부산대학교 도서관

AIMS: Anthracyclines such as daunorubicin (DNR) and doxorubicin are effective cancer chemotherapeutic agents, but can induce cardiotoxicity. GATA4 has been shown to serve as a survival factor of cardiac muscle cells, and anthracyclines promote apoptosis in part by down-regulating GATA4. The present study investigated the mechanism of anthracycline action to down-regulate GATA4. METHODS AND RESULTS: DNR inhibited the transcriptional activity exhibited by the 250 bp conserved region immediately upstream from the transcriptional start site of the Gata4 gene.

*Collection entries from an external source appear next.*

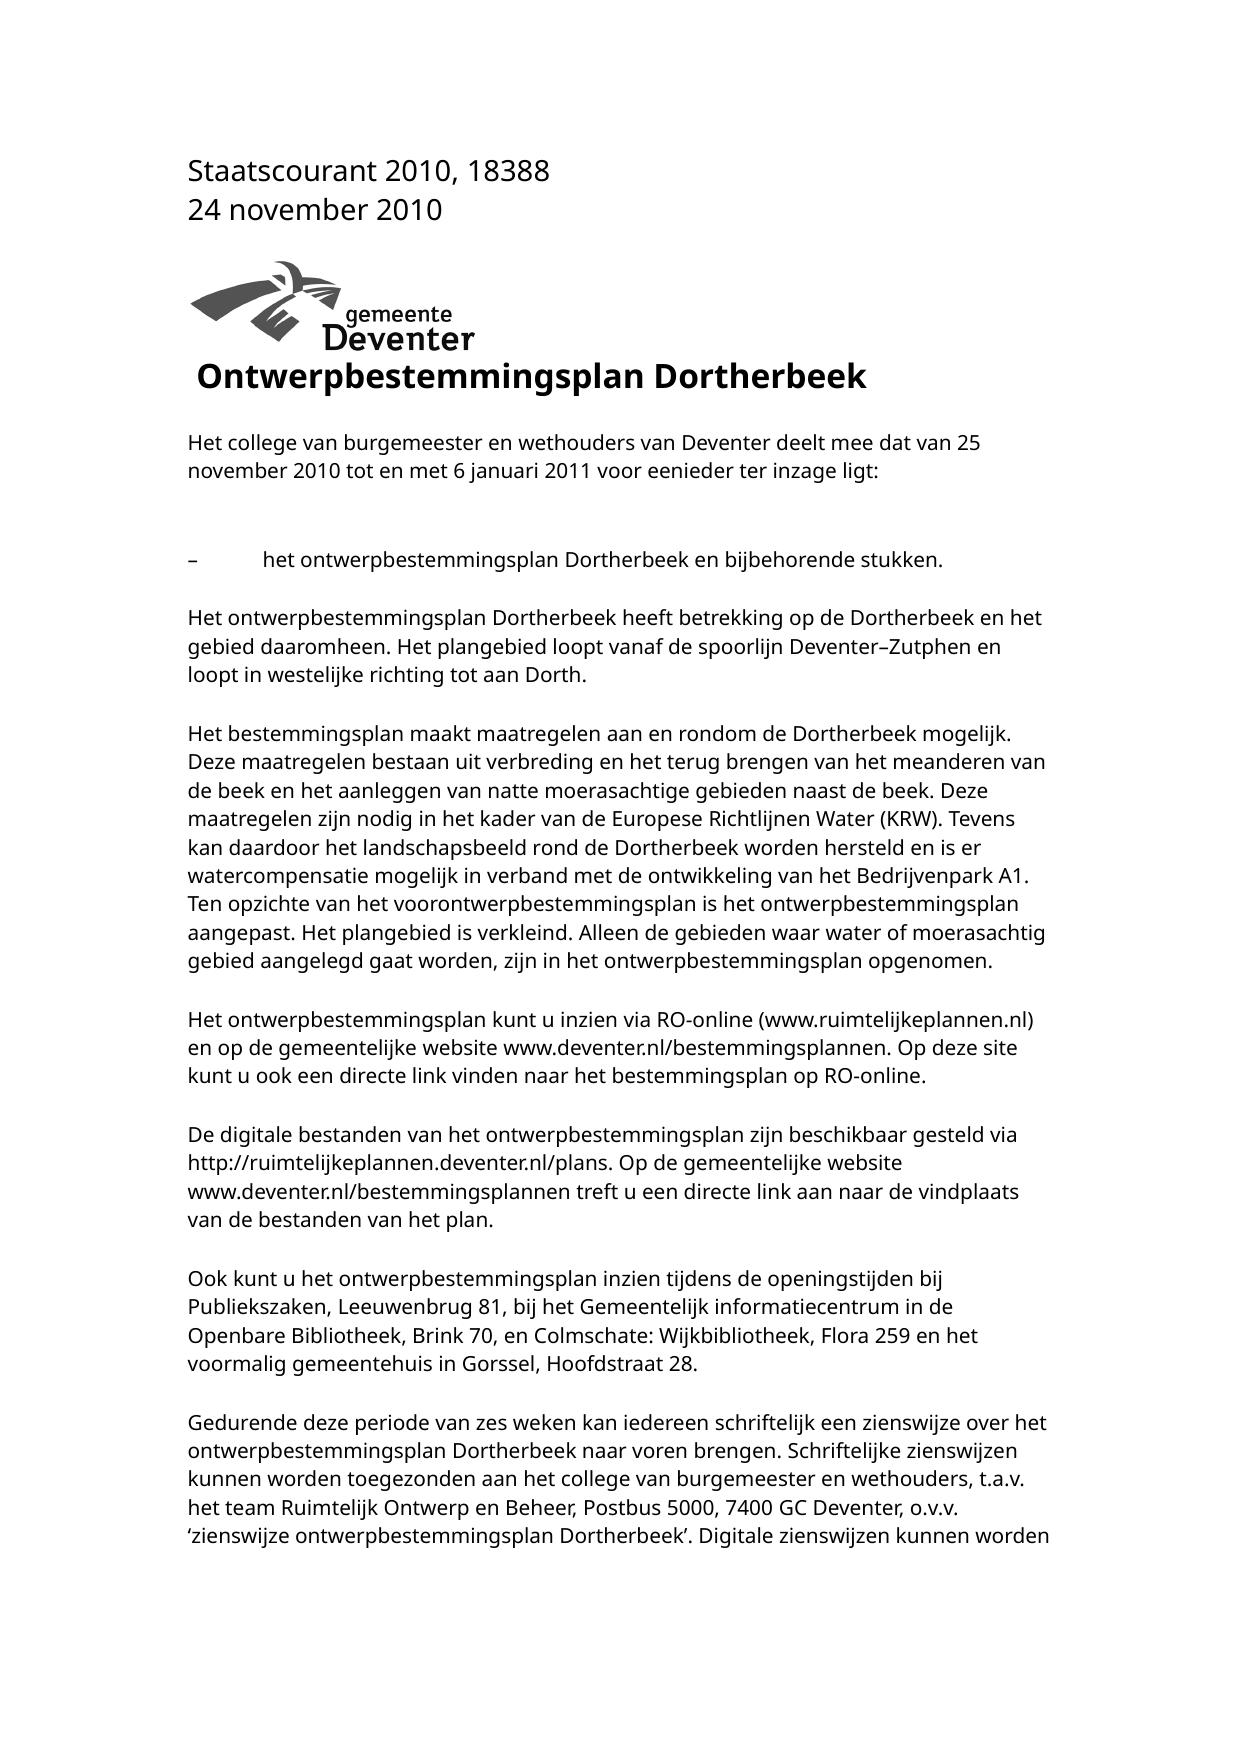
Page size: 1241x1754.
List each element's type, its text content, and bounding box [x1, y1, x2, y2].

text Gedurende deze periode van zes weken kan iedereen schriftelijk een zienswijze over het ontwerpbestemmingsplan Dortherbeek naar voren brengen. Schriftelijke zienswijzen kunnen worden toegezonden aan het college van burgemeester en wethouders, t.a.v. het team Ruimtelijk Ontwerp en Beheer, Postbus 5000, 7400 GC Deventer, o.v.v. ‘zienswijze ontwerpbestemmingsplan Dortherbeek’. Digitale zienswijzen kunnen worden [187, 1408, 1053, 1550]
text De digitale bestanden van het ontwerpbestemmingsplan zijn beschikbaar gesteld via http://ruimtelijkeplannen.deventer.nl/plans. Op de gemeentelijke website www.deventer.nl/bestemmingsplannen treft u een directe link aan naar de vindplaats van de bestanden van het plan. [187, 1120, 1053, 1234]
text Het bestemmingsplan maakt maatregelen aan en rondom de Dortherbeek mogelijk. Deze maatregelen bestaan uit verbreding en het terug brengen van het meanderen van de beek en het aanleggen van natte moerasachtige gebieden naast de beek. Deze maatregelen zijn nodig in het kader van de Europese Richtlijnen Water (KRW). Tevens kan daardoor het landschapsbeeld rond de Dortherbeek worden hersteld en is er watercompensatie mogelijk in verband met de ontwikkeling van het Bedrijvenpark A1. Ten opzichte van het voorontwerpbestemmingsplan is het ontwerpbestemmingsplan aangepast. Het plangebied is verkleind. Alleen de gebieden waar water of moerasachtig gebied aangelegd gaat worden, zijn in het ontwerpbestemmingsplan opgenomen. [187, 719, 1053, 975]
list het ontwerpbestemmingsplan Dortherbeek en bijbehorende stukken. [187, 545, 1053, 573]
text Staatscourant 2010, 18388 [187, 150, 1053, 190]
text Ook kunt u het ontwerpbestemmingsplan inzien tijdens de openingstijden bij Publiekszaken, Leeuwenbrug 81, bij het Gemeentelijk informatiecentrum in de Openbare Bibliotheek, Brink 70, en Colmschate: Wijkbibliotheek, Flora 259 en het voormalig gemeentehuis in Gorssel, Hoofdstraat 28. [187, 1264, 1053, 1378]
subtitle Ontwerpbestemmingsplan Dortherbeek [187, 271, 1053, 398]
text Het ontwerpbestemmingsplan kunt u inzien via RO-online (www.ruimtelijkeplannen.nl) en op de gemeentelijke website www.deventer.nl/bestemmingsplannen. Op deze site kunt u ook een directe link vinden naar het bestemmingsplan op RO-online. [187, 1005, 1053, 1090]
text Het ontwerpbestemmingsplan Dortherbeek heeft betrekking op de Dortherbeek en het gebied daaromheen. Het plangebied loopt vanaf de spoorlijn Deventer–Zutphen en loopt in westelijke richting tot aan Dorth. [187, 603, 1053, 689]
text 24 november 2010 [187, 190, 1053, 229]
text Het college van burgemeester en wethouders van Deventer deelt mee dat van 25 november 2010 tot en met 6 januari 2011 voor eenieder ter inzage ligt: [187, 428, 1053, 485]
picture [187, 258, 477, 353]

Mapping this region identified that the CCAAT-binding factor/nuclear factor-Y (CBF/NF-Y) binding to the CCAAT box was inhibited by DNR in HL-1 cardiac muscle cells and in perfused isolated mouse hearts. The DNR action on the Gata4 promoter was found to be dependent on p53, since DNR promoted nuclear binding of p53 to CBF/NF-Y and pifithrin-α (a p53 inhibitor) attenuated DNR down-regulation of GATA4. CONCLUSION: Anthracycline down-regulation of GATA4 is mediated by the inhibition of Gata4 gene transcription via a novel mechanism that involves the p53-dependent inhibition of CBF/NF-Y binding to the CCAAT box within the Gata4 promoter.